How Well Can Transformers Emulate In-context Newton's Method?
This work addresses the theoretical capabilities of Transformers for in-context learning, providing insights into their algorithmic potential, though it is incremental as it builds on prior studies of optimization emulation.
The paper tackles the problem of whether Transformers can emulate higher-order optimization methods like Newton's method beyond linear regression, showing that linear attention Transformers with ReLU layers can approximate second-order algorithms for logistic regression with ε error using logarithmic layers and implement a step of Newton's iteration for matrix inversion with two layers.

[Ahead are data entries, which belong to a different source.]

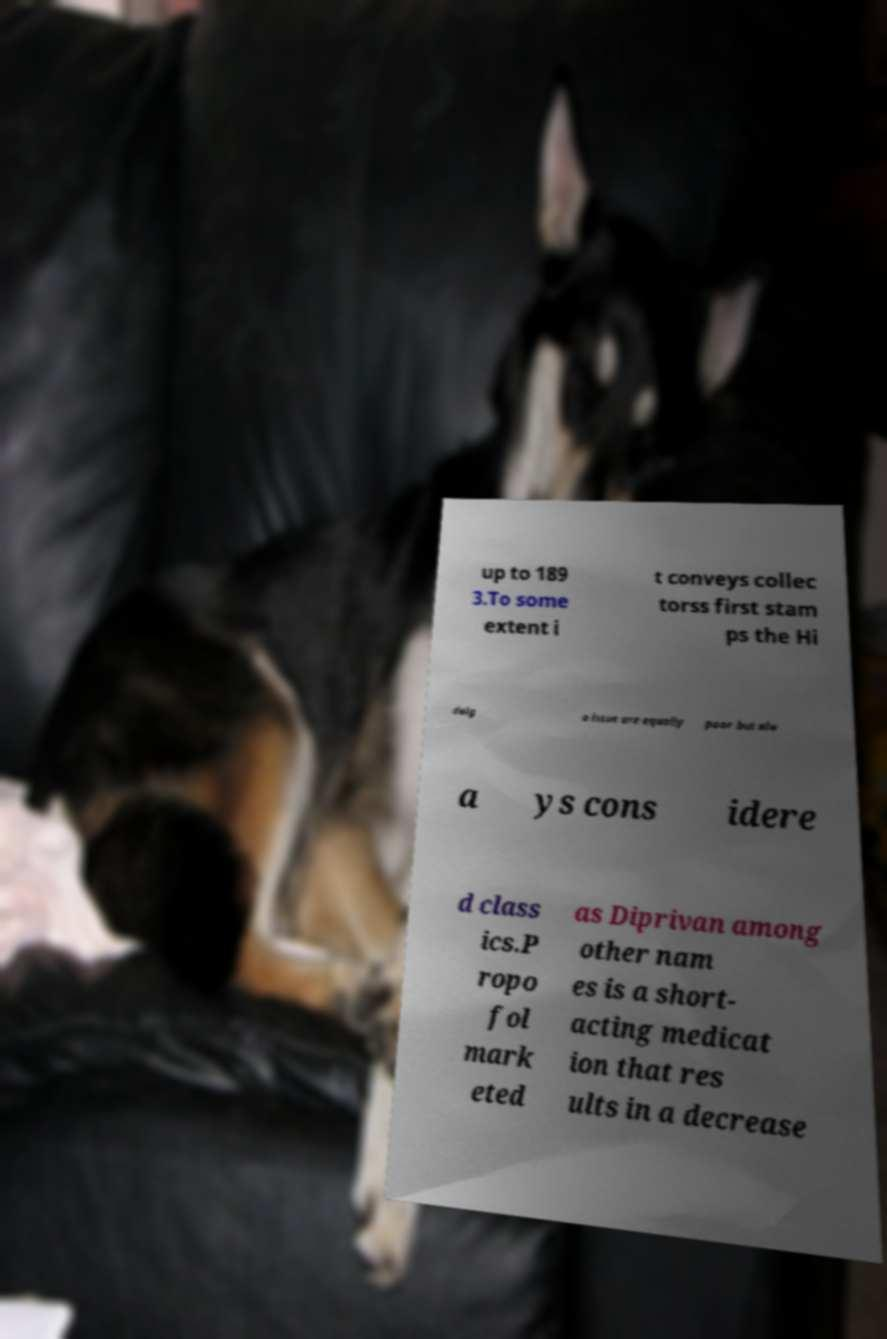For documentation purposes, I need the text within this image transcribed. Could you provide that? up to 189 3.To some extent i t conveys collec torss first stam ps the Hi dalg o issue are equally poor but alw a ys cons idere d class ics.P ropo fol mark eted as Diprivan among other nam es is a short- acting medicat ion that res ults in a decrease 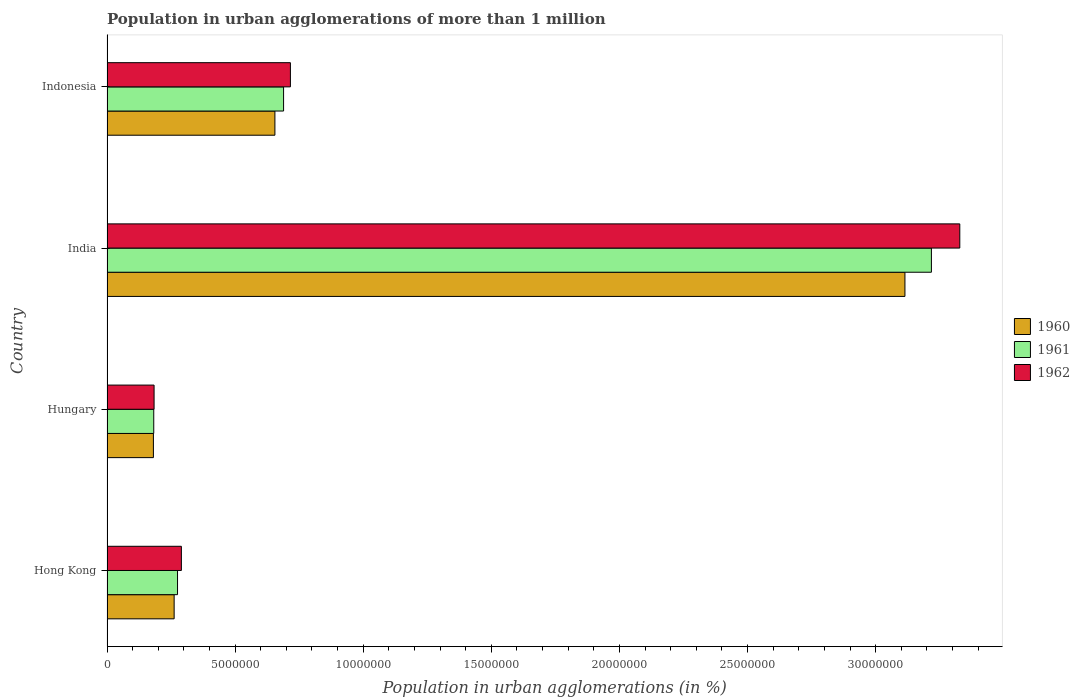Are the number of bars per tick equal to the number of legend labels?
Offer a very short reply. Yes. What is the label of the 4th group of bars from the top?
Provide a succinct answer. Hong Kong. In how many cases, is the number of bars for a given country not equal to the number of legend labels?
Your response must be concise. 0. What is the population in urban agglomerations in 1960 in Hong Kong?
Offer a terse response. 2.62e+06. Across all countries, what is the maximum population in urban agglomerations in 1962?
Offer a terse response. 3.33e+07. Across all countries, what is the minimum population in urban agglomerations in 1960?
Give a very brief answer. 1.81e+06. In which country was the population in urban agglomerations in 1961 maximum?
Offer a very short reply. India. In which country was the population in urban agglomerations in 1961 minimum?
Make the answer very short. Hungary. What is the total population in urban agglomerations in 1960 in the graph?
Provide a succinct answer. 4.21e+07. What is the difference between the population in urban agglomerations in 1961 in India and that in Indonesia?
Give a very brief answer. 2.53e+07. What is the difference between the population in urban agglomerations in 1961 in Hungary and the population in urban agglomerations in 1960 in Indonesia?
Your answer should be compact. -4.73e+06. What is the average population in urban agglomerations in 1961 per country?
Your answer should be very brief. 1.09e+07. What is the difference between the population in urban agglomerations in 1962 and population in urban agglomerations in 1961 in Hungary?
Keep it short and to the point. 1.33e+04. In how many countries, is the population in urban agglomerations in 1962 greater than 14000000 %?
Offer a very short reply. 1. What is the ratio of the population in urban agglomerations in 1961 in Hong Kong to that in India?
Make the answer very short. 0.09. What is the difference between the highest and the second highest population in urban agglomerations in 1961?
Offer a very short reply. 2.53e+07. What is the difference between the highest and the lowest population in urban agglomerations in 1962?
Your answer should be compact. 3.14e+07. In how many countries, is the population in urban agglomerations in 1961 greater than the average population in urban agglomerations in 1961 taken over all countries?
Your answer should be compact. 1. What does the 2nd bar from the top in India represents?
Provide a short and direct response. 1961. Are all the bars in the graph horizontal?
Your response must be concise. Yes. Does the graph contain grids?
Your answer should be very brief. No. How many legend labels are there?
Offer a terse response. 3. What is the title of the graph?
Ensure brevity in your answer.  Population in urban agglomerations of more than 1 million. What is the label or title of the X-axis?
Offer a very short reply. Population in urban agglomerations (in %). What is the Population in urban agglomerations (in %) in 1960 in Hong Kong?
Provide a short and direct response. 2.62e+06. What is the Population in urban agglomerations (in %) of 1961 in Hong Kong?
Offer a terse response. 2.75e+06. What is the Population in urban agglomerations (in %) of 1962 in Hong Kong?
Give a very brief answer. 2.90e+06. What is the Population in urban agglomerations (in %) of 1960 in Hungary?
Offer a very short reply. 1.81e+06. What is the Population in urban agglomerations (in %) in 1961 in Hungary?
Make the answer very short. 1.82e+06. What is the Population in urban agglomerations (in %) of 1962 in Hungary?
Your answer should be very brief. 1.84e+06. What is the Population in urban agglomerations (in %) in 1960 in India?
Your answer should be compact. 3.11e+07. What is the Population in urban agglomerations (in %) in 1961 in India?
Offer a terse response. 3.22e+07. What is the Population in urban agglomerations (in %) of 1962 in India?
Your response must be concise. 3.33e+07. What is the Population in urban agglomerations (in %) of 1960 in Indonesia?
Offer a very short reply. 6.55e+06. What is the Population in urban agglomerations (in %) of 1961 in Indonesia?
Provide a short and direct response. 6.89e+06. What is the Population in urban agglomerations (in %) in 1962 in Indonesia?
Offer a terse response. 7.16e+06. Across all countries, what is the maximum Population in urban agglomerations (in %) in 1960?
Your answer should be very brief. 3.11e+07. Across all countries, what is the maximum Population in urban agglomerations (in %) in 1961?
Provide a succinct answer. 3.22e+07. Across all countries, what is the maximum Population in urban agglomerations (in %) of 1962?
Give a very brief answer. 3.33e+07. Across all countries, what is the minimum Population in urban agglomerations (in %) in 1960?
Your answer should be very brief. 1.81e+06. Across all countries, what is the minimum Population in urban agglomerations (in %) in 1961?
Provide a short and direct response. 1.82e+06. Across all countries, what is the minimum Population in urban agglomerations (in %) in 1962?
Make the answer very short. 1.84e+06. What is the total Population in urban agglomerations (in %) of 1960 in the graph?
Your response must be concise. 4.21e+07. What is the total Population in urban agglomerations (in %) of 1961 in the graph?
Your answer should be compact. 4.36e+07. What is the total Population in urban agglomerations (in %) of 1962 in the graph?
Your answer should be very brief. 4.52e+07. What is the difference between the Population in urban agglomerations (in %) of 1960 in Hong Kong and that in Hungary?
Keep it short and to the point. 8.09e+05. What is the difference between the Population in urban agglomerations (in %) of 1961 in Hong Kong and that in Hungary?
Keep it short and to the point. 9.28e+05. What is the difference between the Population in urban agglomerations (in %) of 1962 in Hong Kong and that in Hungary?
Ensure brevity in your answer.  1.07e+06. What is the difference between the Population in urban agglomerations (in %) in 1960 in Hong Kong and that in India?
Provide a short and direct response. -2.85e+07. What is the difference between the Population in urban agglomerations (in %) in 1961 in Hong Kong and that in India?
Ensure brevity in your answer.  -2.94e+07. What is the difference between the Population in urban agglomerations (in %) in 1962 in Hong Kong and that in India?
Provide a short and direct response. -3.04e+07. What is the difference between the Population in urban agglomerations (in %) of 1960 in Hong Kong and that in Indonesia?
Make the answer very short. -3.93e+06. What is the difference between the Population in urban agglomerations (in %) in 1961 in Hong Kong and that in Indonesia?
Offer a very short reply. -4.14e+06. What is the difference between the Population in urban agglomerations (in %) of 1962 in Hong Kong and that in Indonesia?
Keep it short and to the point. -4.26e+06. What is the difference between the Population in urban agglomerations (in %) of 1960 in Hungary and that in India?
Offer a very short reply. -2.93e+07. What is the difference between the Population in urban agglomerations (in %) of 1961 in Hungary and that in India?
Give a very brief answer. -3.04e+07. What is the difference between the Population in urban agglomerations (in %) in 1962 in Hungary and that in India?
Keep it short and to the point. -3.14e+07. What is the difference between the Population in urban agglomerations (in %) in 1960 in Hungary and that in Indonesia?
Your answer should be compact. -4.74e+06. What is the difference between the Population in urban agglomerations (in %) of 1961 in Hungary and that in Indonesia?
Offer a very short reply. -5.07e+06. What is the difference between the Population in urban agglomerations (in %) of 1962 in Hungary and that in Indonesia?
Your answer should be very brief. -5.32e+06. What is the difference between the Population in urban agglomerations (in %) in 1960 in India and that in Indonesia?
Keep it short and to the point. 2.46e+07. What is the difference between the Population in urban agglomerations (in %) in 1961 in India and that in Indonesia?
Your answer should be compact. 2.53e+07. What is the difference between the Population in urban agglomerations (in %) of 1962 in India and that in Indonesia?
Offer a very short reply. 2.61e+07. What is the difference between the Population in urban agglomerations (in %) of 1960 in Hong Kong and the Population in urban agglomerations (in %) of 1961 in Hungary?
Your answer should be compact. 7.96e+05. What is the difference between the Population in urban agglomerations (in %) in 1960 in Hong Kong and the Population in urban agglomerations (in %) in 1962 in Hungary?
Offer a terse response. 7.83e+05. What is the difference between the Population in urban agglomerations (in %) in 1961 in Hong Kong and the Population in urban agglomerations (in %) in 1962 in Hungary?
Keep it short and to the point. 9.15e+05. What is the difference between the Population in urban agglomerations (in %) in 1960 in Hong Kong and the Population in urban agglomerations (in %) in 1961 in India?
Your response must be concise. -2.96e+07. What is the difference between the Population in urban agglomerations (in %) of 1960 in Hong Kong and the Population in urban agglomerations (in %) of 1962 in India?
Your response must be concise. -3.07e+07. What is the difference between the Population in urban agglomerations (in %) of 1961 in Hong Kong and the Population in urban agglomerations (in %) of 1962 in India?
Ensure brevity in your answer.  -3.05e+07. What is the difference between the Population in urban agglomerations (in %) of 1960 in Hong Kong and the Population in urban agglomerations (in %) of 1961 in Indonesia?
Ensure brevity in your answer.  -4.27e+06. What is the difference between the Population in urban agglomerations (in %) of 1960 in Hong Kong and the Population in urban agglomerations (in %) of 1962 in Indonesia?
Keep it short and to the point. -4.54e+06. What is the difference between the Population in urban agglomerations (in %) in 1961 in Hong Kong and the Population in urban agglomerations (in %) in 1962 in Indonesia?
Ensure brevity in your answer.  -4.41e+06. What is the difference between the Population in urban agglomerations (in %) in 1960 in Hungary and the Population in urban agglomerations (in %) in 1961 in India?
Make the answer very short. -3.04e+07. What is the difference between the Population in urban agglomerations (in %) in 1960 in Hungary and the Population in urban agglomerations (in %) in 1962 in India?
Give a very brief answer. -3.15e+07. What is the difference between the Population in urban agglomerations (in %) in 1961 in Hungary and the Population in urban agglomerations (in %) in 1962 in India?
Your answer should be compact. -3.15e+07. What is the difference between the Population in urban agglomerations (in %) in 1960 in Hungary and the Population in urban agglomerations (in %) in 1961 in Indonesia?
Your answer should be compact. -5.08e+06. What is the difference between the Population in urban agglomerations (in %) of 1960 in Hungary and the Population in urban agglomerations (in %) of 1962 in Indonesia?
Make the answer very short. -5.35e+06. What is the difference between the Population in urban agglomerations (in %) in 1961 in Hungary and the Population in urban agglomerations (in %) in 1962 in Indonesia?
Your answer should be very brief. -5.33e+06. What is the difference between the Population in urban agglomerations (in %) of 1960 in India and the Population in urban agglomerations (in %) of 1961 in Indonesia?
Your response must be concise. 2.43e+07. What is the difference between the Population in urban agglomerations (in %) in 1960 in India and the Population in urban agglomerations (in %) in 1962 in Indonesia?
Give a very brief answer. 2.40e+07. What is the difference between the Population in urban agglomerations (in %) of 1961 in India and the Population in urban agglomerations (in %) of 1962 in Indonesia?
Offer a terse response. 2.50e+07. What is the average Population in urban agglomerations (in %) in 1960 per country?
Offer a terse response. 1.05e+07. What is the average Population in urban agglomerations (in %) in 1961 per country?
Make the answer very short. 1.09e+07. What is the average Population in urban agglomerations (in %) in 1962 per country?
Your answer should be very brief. 1.13e+07. What is the difference between the Population in urban agglomerations (in %) in 1960 and Population in urban agglomerations (in %) in 1961 in Hong Kong?
Offer a very short reply. -1.32e+05. What is the difference between the Population in urban agglomerations (in %) in 1960 and Population in urban agglomerations (in %) in 1962 in Hong Kong?
Your response must be concise. -2.82e+05. What is the difference between the Population in urban agglomerations (in %) of 1961 and Population in urban agglomerations (in %) of 1962 in Hong Kong?
Your answer should be very brief. -1.50e+05. What is the difference between the Population in urban agglomerations (in %) of 1960 and Population in urban agglomerations (in %) of 1961 in Hungary?
Provide a succinct answer. -1.32e+04. What is the difference between the Population in urban agglomerations (in %) of 1960 and Population in urban agglomerations (in %) of 1962 in Hungary?
Give a very brief answer. -2.64e+04. What is the difference between the Population in urban agglomerations (in %) in 1961 and Population in urban agglomerations (in %) in 1962 in Hungary?
Offer a terse response. -1.33e+04. What is the difference between the Population in urban agglomerations (in %) of 1960 and Population in urban agglomerations (in %) of 1961 in India?
Offer a terse response. -1.03e+06. What is the difference between the Population in urban agglomerations (in %) of 1960 and Population in urban agglomerations (in %) of 1962 in India?
Give a very brief answer. -2.14e+06. What is the difference between the Population in urban agglomerations (in %) of 1961 and Population in urban agglomerations (in %) of 1962 in India?
Keep it short and to the point. -1.11e+06. What is the difference between the Population in urban agglomerations (in %) in 1960 and Population in urban agglomerations (in %) in 1961 in Indonesia?
Provide a short and direct response. -3.38e+05. What is the difference between the Population in urban agglomerations (in %) of 1960 and Population in urban agglomerations (in %) of 1962 in Indonesia?
Make the answer very short. -6.05e+05. What is the difference between the Population in urban agglomerations (in %) in 1961 and Population in urban agglomerations (in %) in 1962 in Indonesia?
Keep it short and to the point. -2.67e+05. What is the ratio of the Population in urban agglomerations (in %) of 1960 in Hong Kong to that in Hungary?
Offer a very short reply. 1.45. What is the ratio of the Population in urban agglomerations (in %) of 1961 in Hong Kong to that in Hungary?
Make the answer very short. 1.51. What is the ratio of the Population in urban agglomerations (in %) of 1962 in Hong Kong to that in Hungary?
Make the answer very short. 1.58. What is the ratio of the Population in urban agglomerations (in %) in 1960 in Hong Kong to that in India?
Offer a terse response. 0.08. What is the ratio of the Population in urban agglomerations (in %) of 1961 in Hong Kong to that in India?
Your answer should be very brief. 0.09. What is the ratio of the Population in urban agglomerations (in %) in 1962 in Hong Kong to that in India?
Make the answer very short. 0.09. What is the ratio of the Population in urban agglomerations (in %) of 1960 in Hong Kong to that in Indonesia?
Ensure brevity in your answer.  0.4. What is the ratio of the Population in urban agglomerations (in %) of 1961 in Hong Kong to that in Indonesia?
Offer a very short reply. 0.4. What is the ratio of the Population in urban agglomerations (in %) in 1962 in Hong Kong to that in Indonesia?
Ensure brevity in your answer.  0.41. What is the ratio of the Population in urban agglomerations (in %) in 1960 in Hungary to that in India?
Your answer should be compact. 0.06. What is the ratio of the Population in urban agglomerations (in %) of 1961 in Hungary to that in India?
Keep it short and to the point. 0.06. What is the ratio of the Population in urban agglomerations (in %) of 1962 in Hungary to that in India?
Provide a succinct answer. 0.06. What is the ratio of the Population in urban agglomerations (in %) of 1960 in Hungary to that in Indonesia?
Your answer should be compact. 0.28. What is the ratio of the Population in urban agglomerations (in %) of 1961 in Hungary to that in Indonesia?
Ensure brevity in your answer.  0.26. What is the ratio of the Population in urban agglomerations (in %) in 1962 in Hungary to that in Indonesia?
Your answer should be compact. 0.26. What is the ratio of the Population in urban agglomerations (in %) in 1960 in India to that in Indonesia?
Provide a succinct answer. 4.75. What is the ratio of the Population in urban agglomerations (in %) in 1961 in India to that in Indonesia?
Offer a very short reply. 4.67. What is the ratio of the Population in urban agglomerations (in %) in 1962 in India to that in Indonesia?
Offer a very short reply. 4.65. What is the difference between the highest and the second highest Population in urban agglomerations (in %) of 1960?
Ensure brevity in your answer.  2.46e+07. What is the difference between the highest and the second highest Population in urban agglomerations (in %) of 1961?
Ensure brevity in your answer.  2.53e+07. What is the difference between the highest and the second highest Population in urban agglomerations (in %) of 1962?
Offer a terse response. 2.61e+07. What is the difference between the highest and the lowest Population in urban agglomerations (in %) of 1960?
Offer a terse response. 2.93e+07. What is the difference between the highest and the lowest Population in urban agglomerations (in %) of 1961?
Your response must be concise. 3.04e+07. What is the difference between the highest and the lowest Population in urban agglomerations (in %) of 1962?
Keep it short and to the point. 3.14e+07.

Transformer-based models have demonstrated remarkable in-context learning capabilities, prompting extensive research into its underlying mechanisms. Recent studies have suggested that Transformers can implement first-order optimization algorithms for in-context learning and even second order ones for the case of linear regression. In this work, we study whether Transformers can perform higher order optimization methods, beyond the case of linear regression. We establish that linear attention Transformers with ReLU layers can approximate second order optimization algorithms for the task of logistic regression and achieve $ε$ error with only a logarithmic to the error more layers. As a by-product we demonstrate the ability of even linear attention-only Transformers in implementing a single step of Newton's iteration for matrix inversion with merely two layers. These results suggest the ability of the Transformer architecture to implement complex algorithms, beyond gradient descent.